The S&P is Starting to Worry About the Fed's Put

Fears of the almighty QE taper sent the S&P 500 down 1.1% today. The Fed's bond purchases (aka QE or liquidity injections) have been pushing up "risk assets" since 2009 (see Tepper rally 1, 2, and 3). So if the Fed decides to taper QE at its December 17-18 meeting or in the next few months, market participants will then start to price-in the probability of future tapers or even the end of QE, which could be a tough adjustment for the market. The loss of the Fed put could be a headwind for the stock market and asset prices for years, and we're not even talking about a new tightening cycle yet! On Bloomberg TV in September, I thought former hedge fund manager Stanley Druckenmiller had interesting views on QE:

But if you tell me QE is going to be removed over 9 or 12 months, that's a big deal because it's my belief that QE has subsidized all asset prices and when you remove that subsidization, the market will go down.
The minute you have this phony buying stop, it can go down on no volume and it can just reprice immediately. I personally think as long as this game goes on, assets will stay elevated. But when you remove that prop - and let's face it, the Fed has said they are targeting asset prices - those prices can adjust immediately."

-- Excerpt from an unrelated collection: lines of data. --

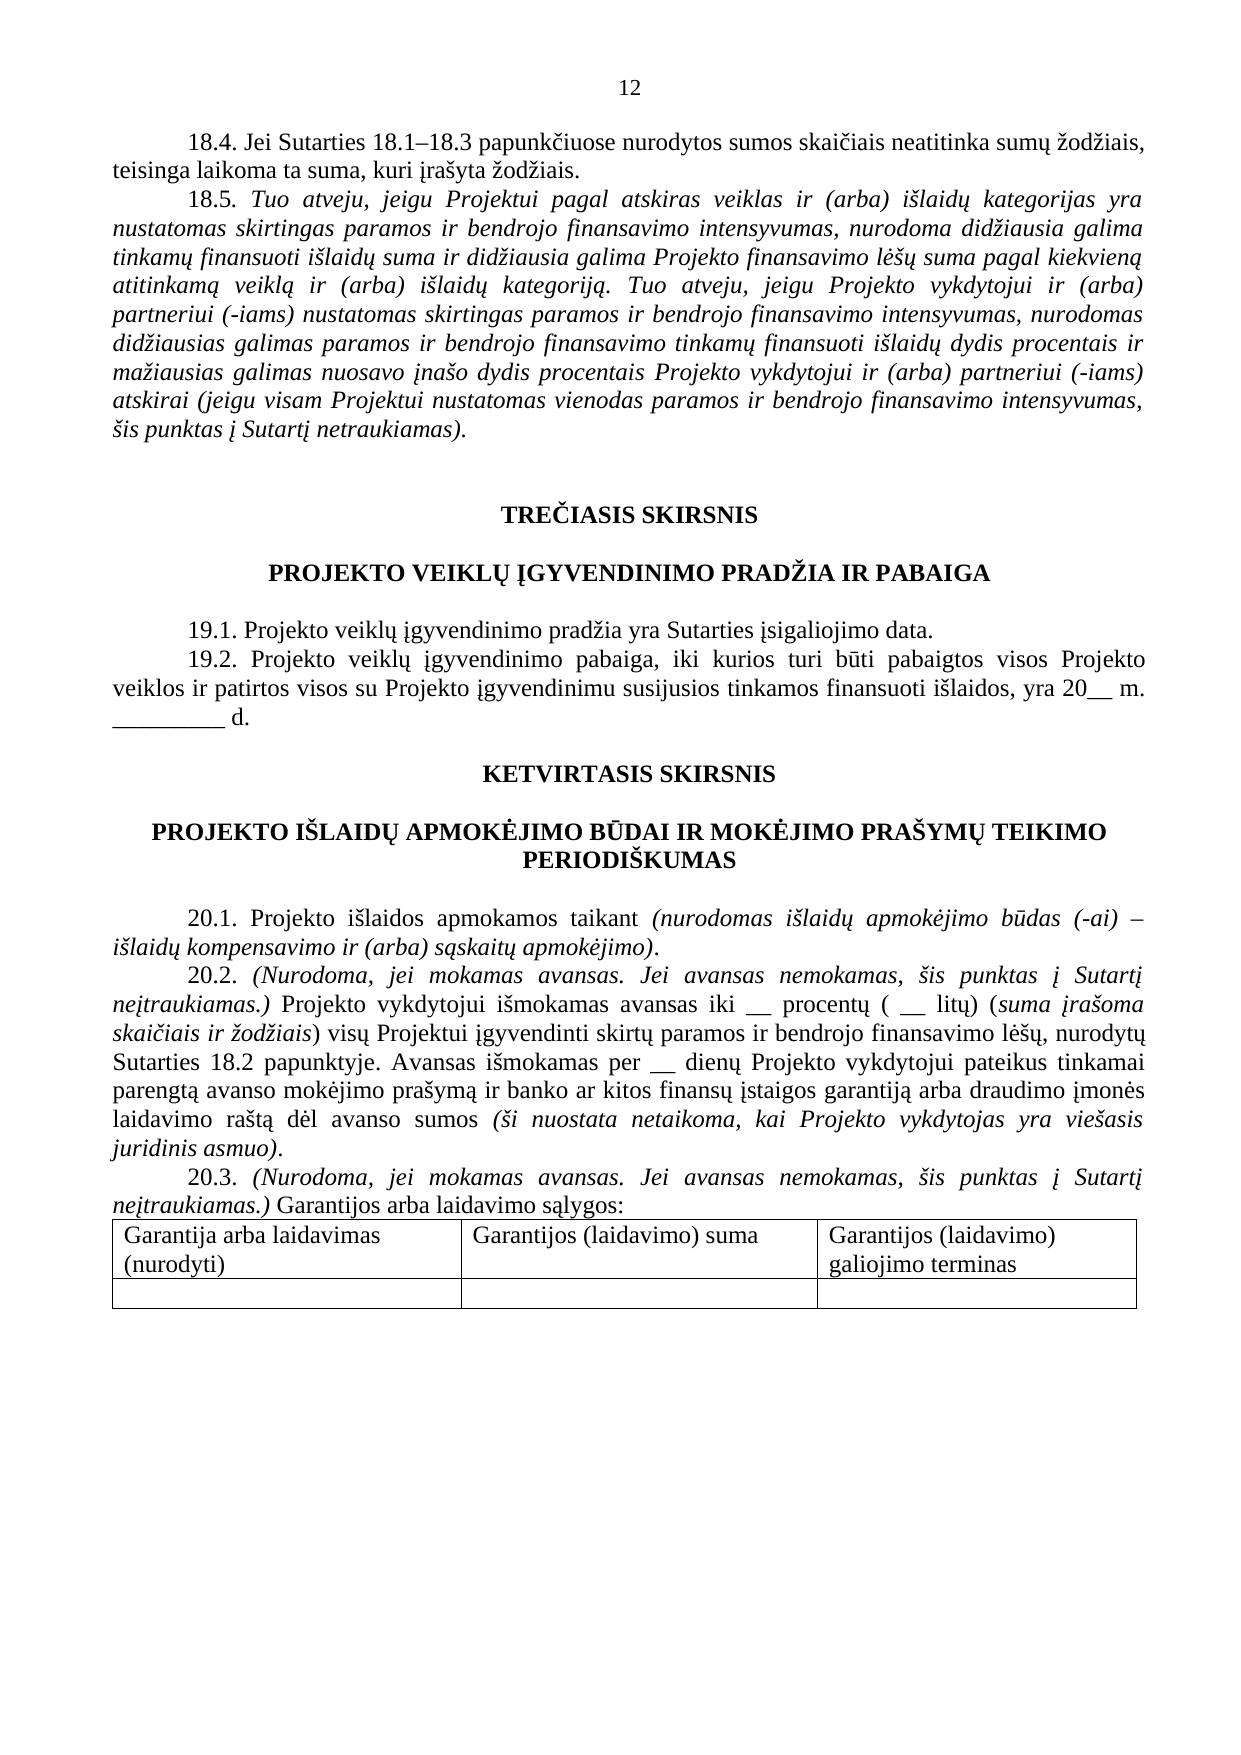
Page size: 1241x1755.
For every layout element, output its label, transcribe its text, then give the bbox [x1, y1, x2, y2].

table_cell [462, 1279, 817, 1307]
text 20.2. (Nurodoma, jei mokamas avansas. Jei avansas nemokamas, šis punktas į Sutartį neįtraukiamas.) Projekto vykdytojui išmokamas avansas iki __ procentų ( __ litų) (suma įrašoma skaičiais ir žodžiais) visų Projektui įgyvendinti skirtų paramos ir bendrojo finansavimo lėšų, nurodytų Sutarties 18.2 papunktyje. Avansas išmokamas per __ dienų Projekto vykdytojui pateikus tinkamai parengtą avanso mokėjimo prašymą ir banko ar kitos finansų įstaigos garantiją arba draudimo įmonės laidavimo raštą dėl avanso sumos (ši nuostata netaikoma, kai Projekto vykdytojas yra viešasis juridinis asmuo). [112, 960, 1146, 1162]
text 20.1. Projekto išlaidos apmokamos taikant (nurodomas išlaidų apmokėjimo būdas (-ai) – išlaidų kompensavimo ir (arba) sąskaitų apmokėjimo). [112, 903, 1146, 960]
text PROJEKTO VEIKLŲ ĮGYVENDINIMO PRADŽIA IR PABAIGA [112, 558, 1146, 587]
text 18.4. Jei Sutarties 18.1–18.3 papunkčiuose nurodytos sumos skaičiais neatitinka sumų žodžiais, teisinga laikoma ta suma, kuri įrašyta žodžiais. [112, 127, 1146, 184]
text 20.3. (Nurodoma, jei mokamas avansas. Jei avansas nemokamas, šis punktas į Sutartį neįtraukiamas.) Garantijos arba laidavimo sąlygos: [112, 1162, 1146, 1219]
table_cell [818, 1279, 1136, 1307]
text PROJEKTO IŠLAIDŲ APMOKĖJIMO BŪDAI IR MOKĖJIMO PRAŠYMŲ TEIKIMO PERIODIŠKUMAS [112, 817, 1146, 874]
table_header Garantijos (laidavimo) galiojimo terminas [818, 1220, 1136, 1278]
text TREČIASIS SKIRSNIS [112, 500, 1146, 529]
text 18.5. Tuo atveju, jeigu Projektui pagal atskiras veiklas ir (arba) išlaidų kategorijas yra nustatomas skirtingas paramos ir bendrojo finansavimo intensyvumas, nurodoma didžiausia galima tinkamų finansuoti išlaidų suma ir didžiausia galima Projekto finansavimo lėšų suma pagal kiekvieną atitinkamą veiklą ir (arba) išlaidų kategoriją. Tuo atveju, jeigu Projekto vykdytojui ir (arba) partneriui (-iams) nustatomas skirtingas paramos ir bendrojo finansavimo intensyvumas, nurodomas didžiausias galimas paramos ir bendrojo finansavimo tinkamų finansuoti išlaidų dydis procentais ir mažiausias galimas nuosavo įnašo dydis procentais Projekto vykdytojui ir (arba) partneriui (-iams) atskirai (jeigu visam Projektui nustatomas vienodas paramos ir bendrojo finansavimo intensyvumas, šis punktas į Sutartį netraukiamas). [112, 184, 1146, 443]
table_header Garantija arba laidavimas (nurodyti) [113, 1220, 461, 1278]
table_header Garantijos (laidavimo) suma [462, 1220, 817, 1278]
text KETVIRTASIS SKIRSNIS [112, 759, 1146, 788]
text 19.2. Projekto veiklų įgyvendinimo pabaiga, iki kurios turi būti pabaigtos visos Projekto veiklos ir patirtos visos su Projekto įgyvendinimu susijusios tinkamos finansuoti išlaidos, yra 20__ m. _________ d. [112, 644, 1146, 730]
table_cell [113, 1279, 461, 1307]
text 19.1. Projekto veiklų įgyvendinimo pradžia yra Sutarties įsigaliojimo data. [112, 615, 1146, 644]

You can see that the market is already starting to price in some kind of stimulus reduction. The Volatility Index ($VIX) is moving higher and the S&P 500 is testing an important support level.


Also, this chart of the S&P 500 that John Hussman, President of Hussman Investment Trust, keeps posting doesn't look like it will end well. It's probably a good time to own put protection to hedge against a severe correction.